Select Page

The Price of Inattention

Name: Daniel Robb
From: Upland, Indiana
Votes: 0


In this age of technology, we like to think that our expensive,
advanced vehicles make us more secure—which is true compared to
those of previous decades—but they can only protect us when our
system of driving regulations is held to. We have these regulations
for good reason, because one person’s lapse of concentration can
cause lifelong trauma and grief for others on the motorway, and it
can happen in an instant.

I’ve never been
in a car accident, but that doesn’t mean I’m not concerned about
the possibility. When I’m riding as a passenger, and the driver
their eyes off the road, it makes me feel unsafe.

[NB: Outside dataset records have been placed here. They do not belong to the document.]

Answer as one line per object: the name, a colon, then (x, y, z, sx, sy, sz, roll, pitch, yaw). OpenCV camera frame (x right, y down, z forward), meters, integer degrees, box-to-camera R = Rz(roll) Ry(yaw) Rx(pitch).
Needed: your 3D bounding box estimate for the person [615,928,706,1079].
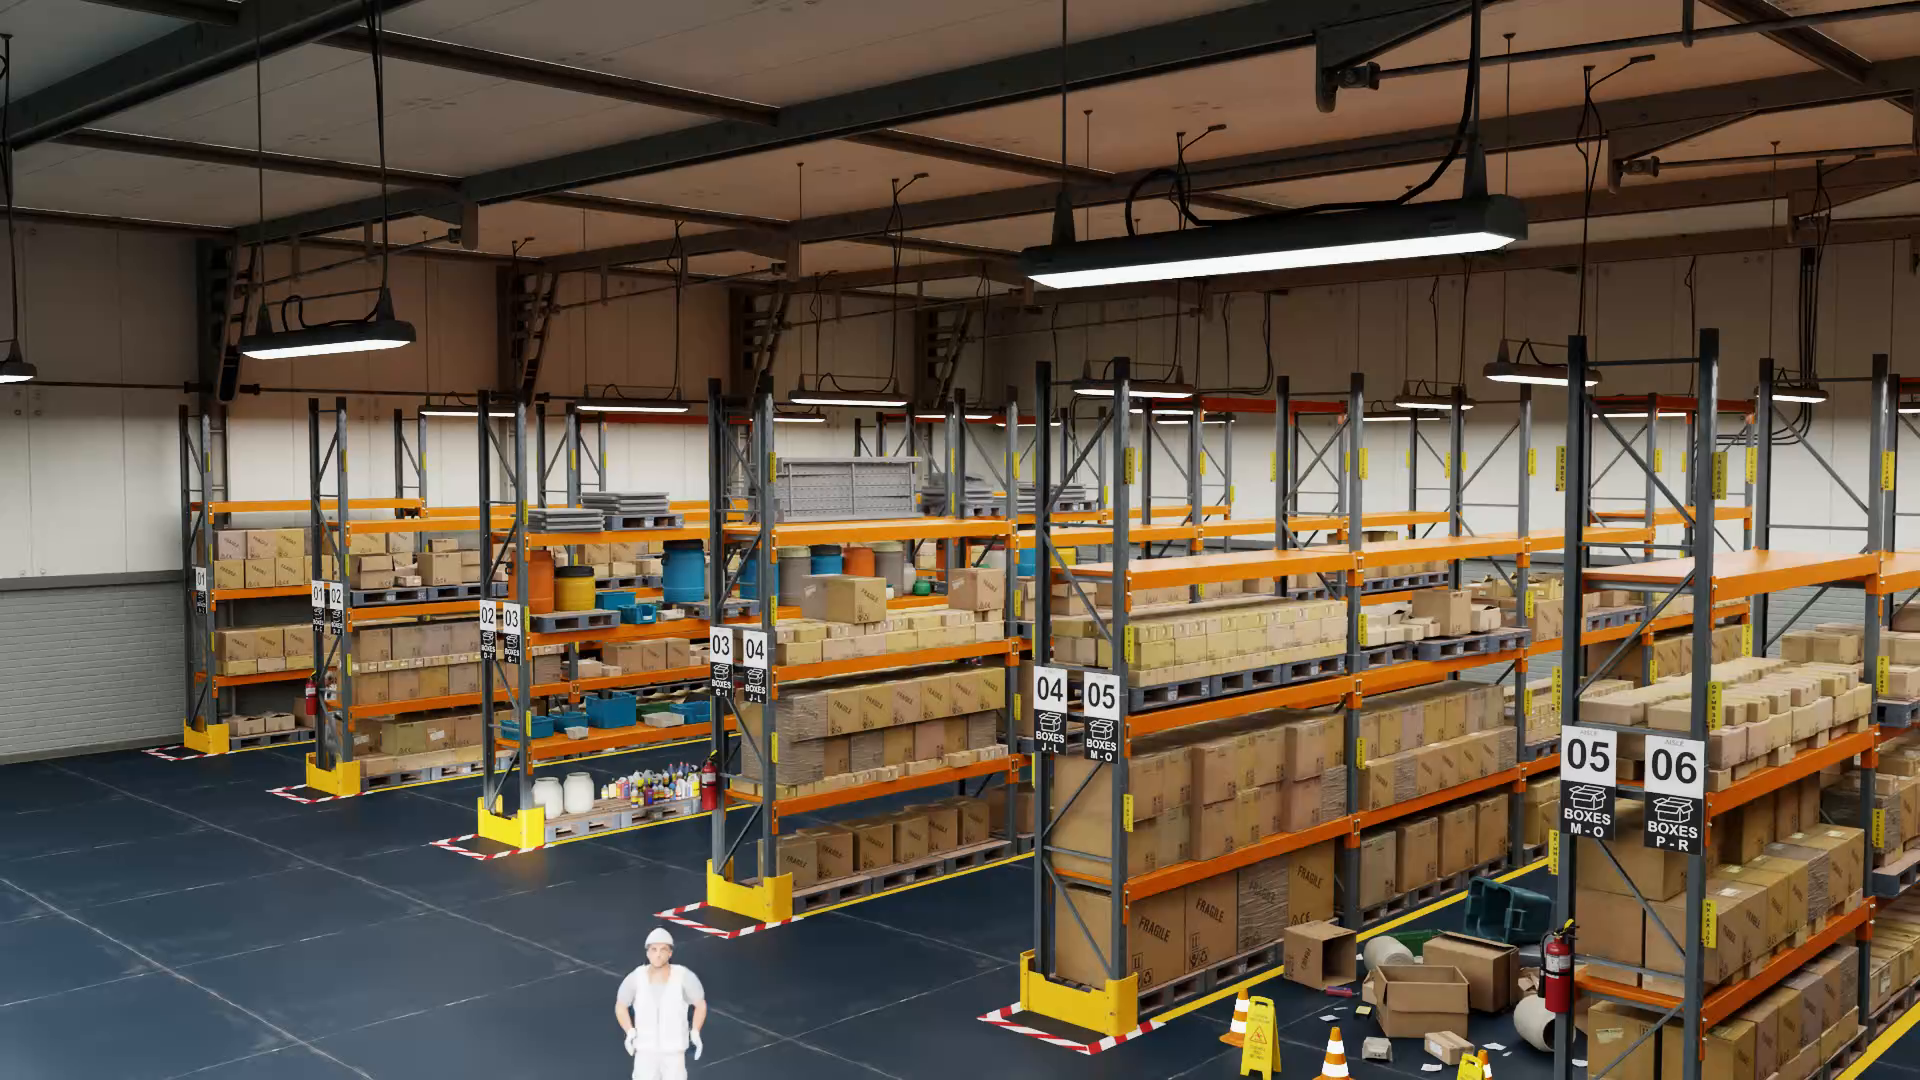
person: (-2.168, 3.664, 12.026, 0.656, 1.745, 0.615, 0, 3, -4)

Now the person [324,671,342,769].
person: (-10.219, 2.932, 27.001, 0.611, 1.623, 0.638, 3, 4, 42)
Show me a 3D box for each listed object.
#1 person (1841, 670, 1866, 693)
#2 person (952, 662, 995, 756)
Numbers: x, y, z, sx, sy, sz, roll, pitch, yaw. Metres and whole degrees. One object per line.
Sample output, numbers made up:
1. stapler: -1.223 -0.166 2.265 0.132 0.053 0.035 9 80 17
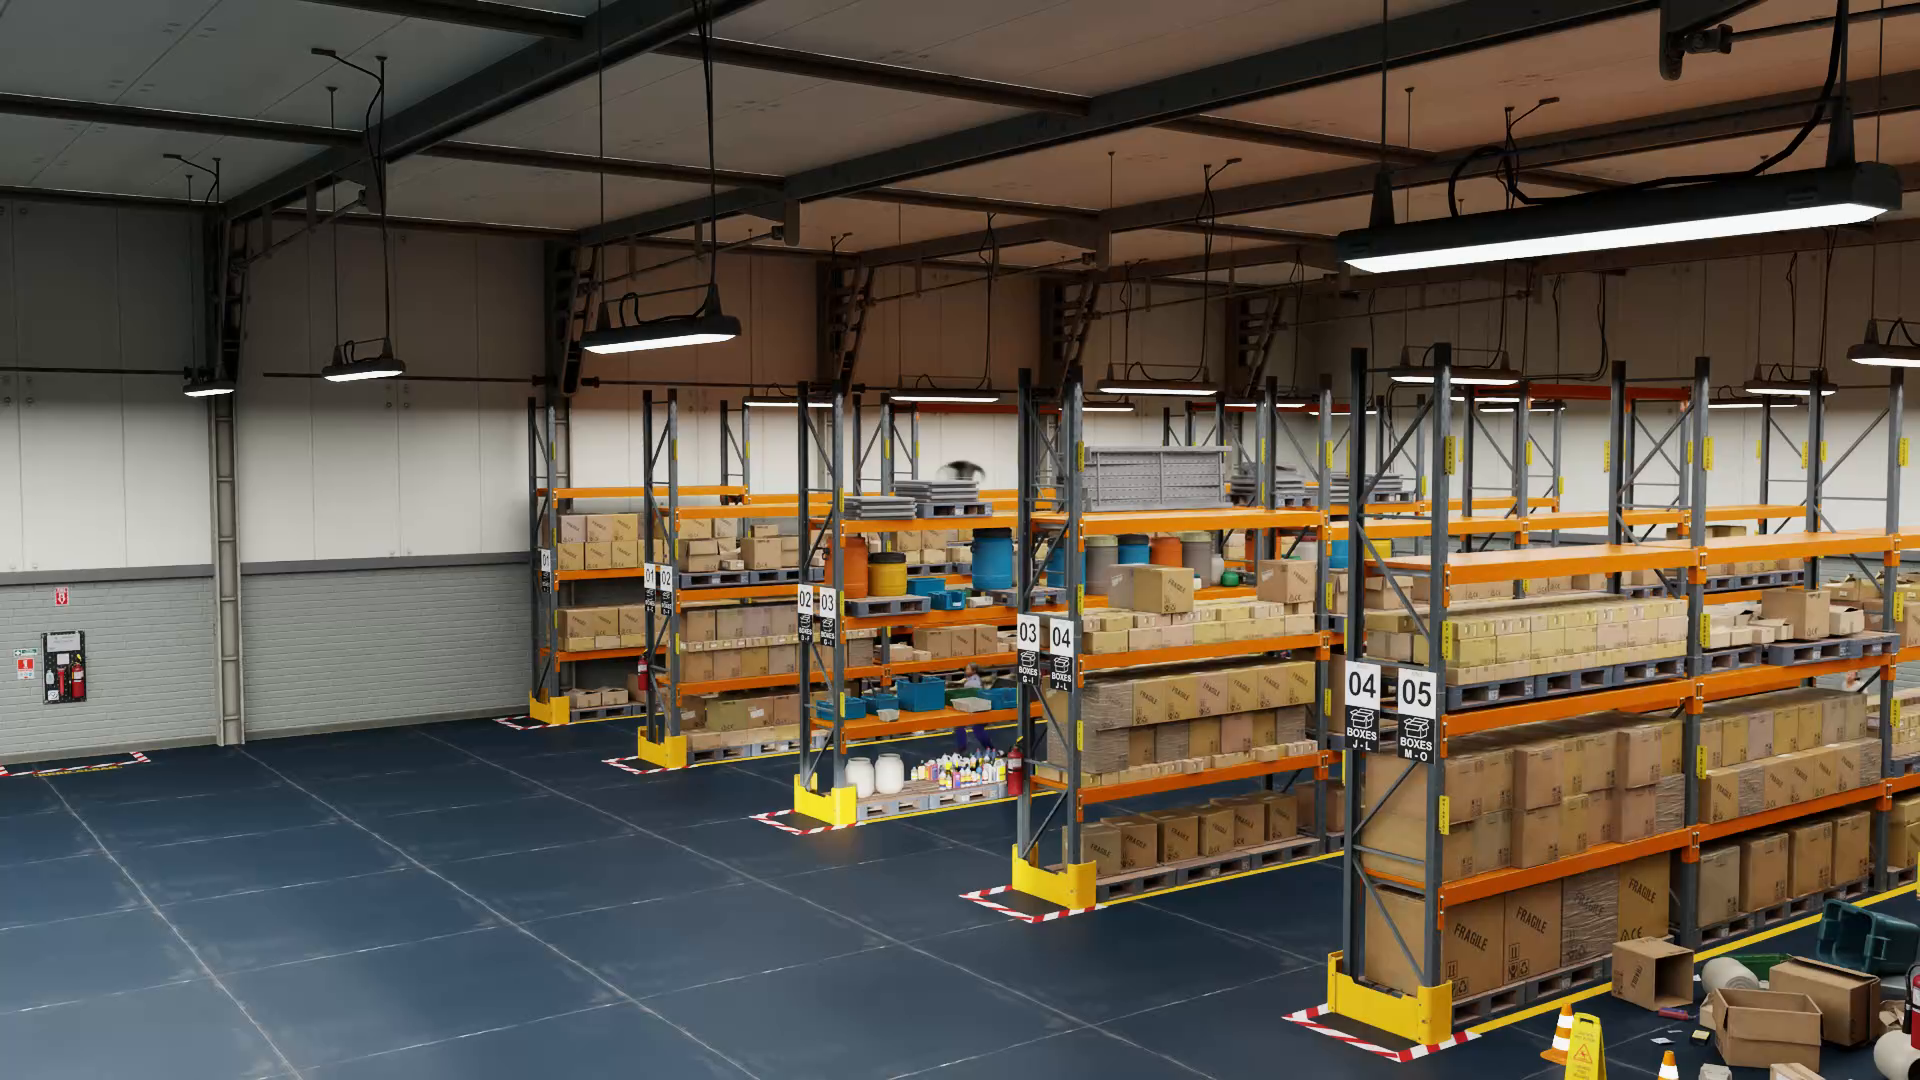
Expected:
1. person: 14.096 2.789 26.325 0.723 1.621 0.562 -2 4 -29
2. person: 0.220 2.757 27.021 0.735 1.609 0.753 -1 4 -17
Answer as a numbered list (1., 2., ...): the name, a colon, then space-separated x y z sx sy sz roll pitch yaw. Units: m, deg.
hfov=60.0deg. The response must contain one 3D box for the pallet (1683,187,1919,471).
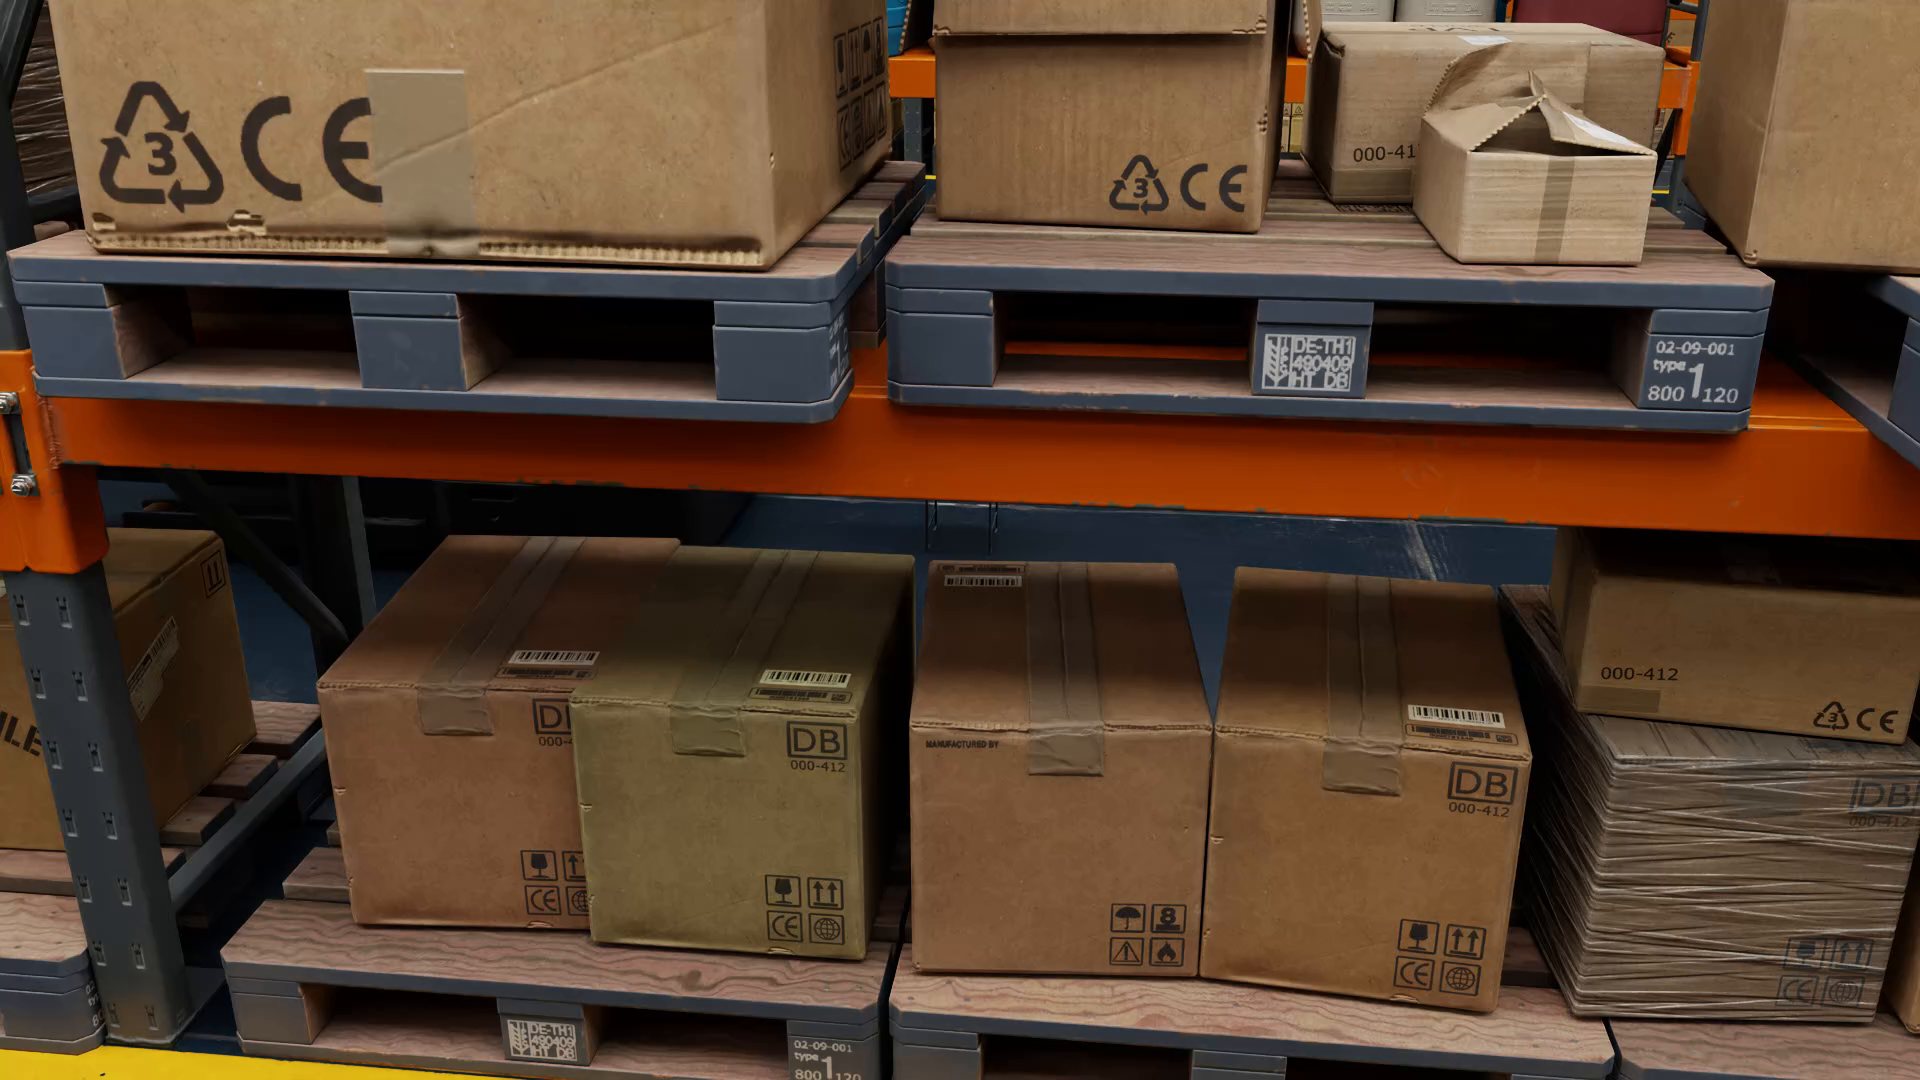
1. pallet: 1.795 -0.371 2.559 1.003 0.211 1.213 2 22 6

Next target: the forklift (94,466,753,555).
1. forklift: -2.217 -1.493 5.230 3.031 2.935 1.130 3 22 7

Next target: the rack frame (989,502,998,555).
1. rack frame: 0.109 -0.414 5.262 0.006 0.900 0.240 2 22 6

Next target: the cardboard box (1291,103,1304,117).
1. cardboard box: 2.618 -3.215 11.898 0.500 0.311 0.500 2 22 5

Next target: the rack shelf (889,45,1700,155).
1. rack shelf: 1.112 -2.028 7.469 4.000 0.370 1.077 2 22 6

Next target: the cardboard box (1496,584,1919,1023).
1. cardboard box: 1.295 0.449 3.026 0.500 0.500 0.700 1 22 2

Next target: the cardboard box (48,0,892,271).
1. cardboard box: -0.685 -1.030 2.578 1.000 1.000 1.000 3 22 7

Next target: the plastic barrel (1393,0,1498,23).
1. plastic barrel: 2.051 -2.295 7.013 0.421 0.512 0.421 0 22 0

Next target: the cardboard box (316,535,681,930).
1. cardboard box: -0.850 0.351 3.273 0.500 0.500 0.700 1 22 2

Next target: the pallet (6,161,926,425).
1. pallet: -0.716 -0.466 2.799 1.213 0.211 1.003 2 22 6

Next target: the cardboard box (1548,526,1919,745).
1. cardboard box: 1.318 0.104 2.879 0.500 0.250 0.500 5 22 12

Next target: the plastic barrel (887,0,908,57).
1. plastic barrel: -0.527 -2.555 7.141 0.708 0.901 0.600 2 22 6

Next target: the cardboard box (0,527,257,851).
1. cardboard box: -1.850 0.294 3.445 0.500 0.500 0.500 2 22 5

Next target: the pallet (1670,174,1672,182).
1. pallet: 5.629 -2.688 11.952 1.213 0.211 1.003 2 22 6

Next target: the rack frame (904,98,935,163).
1. rack frame: -0.288 -4.258 12.130 0.127 3.000 1.000 2 22 6

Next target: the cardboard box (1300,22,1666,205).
1. cardboard box: 0.877 -0.750 2.890 0.500 0.250 0.500 2 22 5

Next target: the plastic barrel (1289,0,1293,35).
1. plastic barrel: 1.208 -2.341 7.096 0.433 0.535 0.433 0 22 0

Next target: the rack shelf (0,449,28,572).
1. rack shelf: -3.444 -0.393 3.333 4.000 0.370 1.077 2 22 6

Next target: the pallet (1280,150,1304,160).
1. pallet: 2.871 -2.838 12.331 1.213 0.211 1.003 2 22 6

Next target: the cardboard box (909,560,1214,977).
1. cardboard box: 0.177 0.403 3.143 0.500 0.500 0.700 1 22 2

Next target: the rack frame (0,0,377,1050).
1. rack frame: -1.457 -0.641 2.982 0.127 3.000 1.000 2 22 6

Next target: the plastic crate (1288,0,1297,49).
1. plastic crate: 1.529 -2.488 7.566 0.583 0.464 0.402 2 22 6

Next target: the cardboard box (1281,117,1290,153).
1. cardboard box: 2.122 -2.979 12.064 0.500 0.250 0.500 3 22 8

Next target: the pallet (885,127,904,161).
1. pallet: -1.073 -3.011 12.768 1.213 0.211 1.003 2 22 6

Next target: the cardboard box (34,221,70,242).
1. cardboard box: -1.706 -0.426 2.780 0.250 0.149 0.380 2 22 6

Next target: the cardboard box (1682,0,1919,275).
1. cardboard box: 1.408 -0.706 2.439 0.500 0.500 0.700 6 22 14

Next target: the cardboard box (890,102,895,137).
1. cardboard box: -0.774 -3.115 12.407 0.500 0.250 0.500 2 22 6

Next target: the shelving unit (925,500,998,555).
1. shelving unit: 0.008 -0.418 5.273 0.210 0.900 0.258 2 22 6

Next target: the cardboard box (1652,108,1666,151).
1. cardboard box: 4.623 -2.982 11.705 0.500 0.500 0.500 2 22 4

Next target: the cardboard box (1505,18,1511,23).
1. cardboard box: 4.978 -5.009 16.383 0.750 0.750 0.750 2 22 6

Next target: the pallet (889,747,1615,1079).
1. pallet: 0.531 0.741 3.279 1.213 0.211 1.003 2 22 6

Sometimes they look
away to see something off to the side, sometimes they’re looking at
someone else in the car during a conversation, but I’ve found that
most often, they’re looking at their mobile phone. Even when it’s
for good cause—reporting an accident, checking the route ahead on
their GPS, searching for the best gas price—when a driver diverts
their attention from the road to anything else, they endanger
themselves, their passengers, and everyone else on the road with
them. No matter how worthwhile the reason, they’re saying that it
is more important to them than the lives and safety of the people
they’re sharing the road with, and that is never an acceptable
attitude when operating a machine capable of such destruction when
misused.

The antidotes to
America’s high roadway fatality count are twofold. First, to teach
new drivers the importance of maintaining focus on the road and to
reduce the distractions they face when driving. Drivers-in-training
need to be aware of the devastating facts and results of vehicular
accidents in order to fully realize their responsibility to drive
carefully. But simply instructing new drivers will not be enough to
prevent all such accidents—even with the best of interests, people
will always give in to the temptation sooner or later. To supplement
the desire to drive safely, the opportunities to drive unsafely must
be limited externally. If apps and programs on a mobile phone are
automatically set on lockdown—turning off pop-up notifications and
reducing access to non-GPS apps, for example—when the device senses
its owner is driving, there will be far less distraction for the
driver. By making this restricted access the default while the
vehicle is in motion, drivers will not even have the temptation to
check their messages for “just one second.” One second is all it
takes for someone to lose their life.

The problem is
serious, but the solution is relatively simple, and comes merely at
the cost of convenience for drivers—myself included. Teaching new
drivers the importance of safe driving, and likewise the potential
impact of unsafe driving, before they are given their licenses, and
reducing the digital distractions drivers face by standardizing a
driving mode in devices to limit unnecessary functions will lead to a
safer future for our country’s roadways.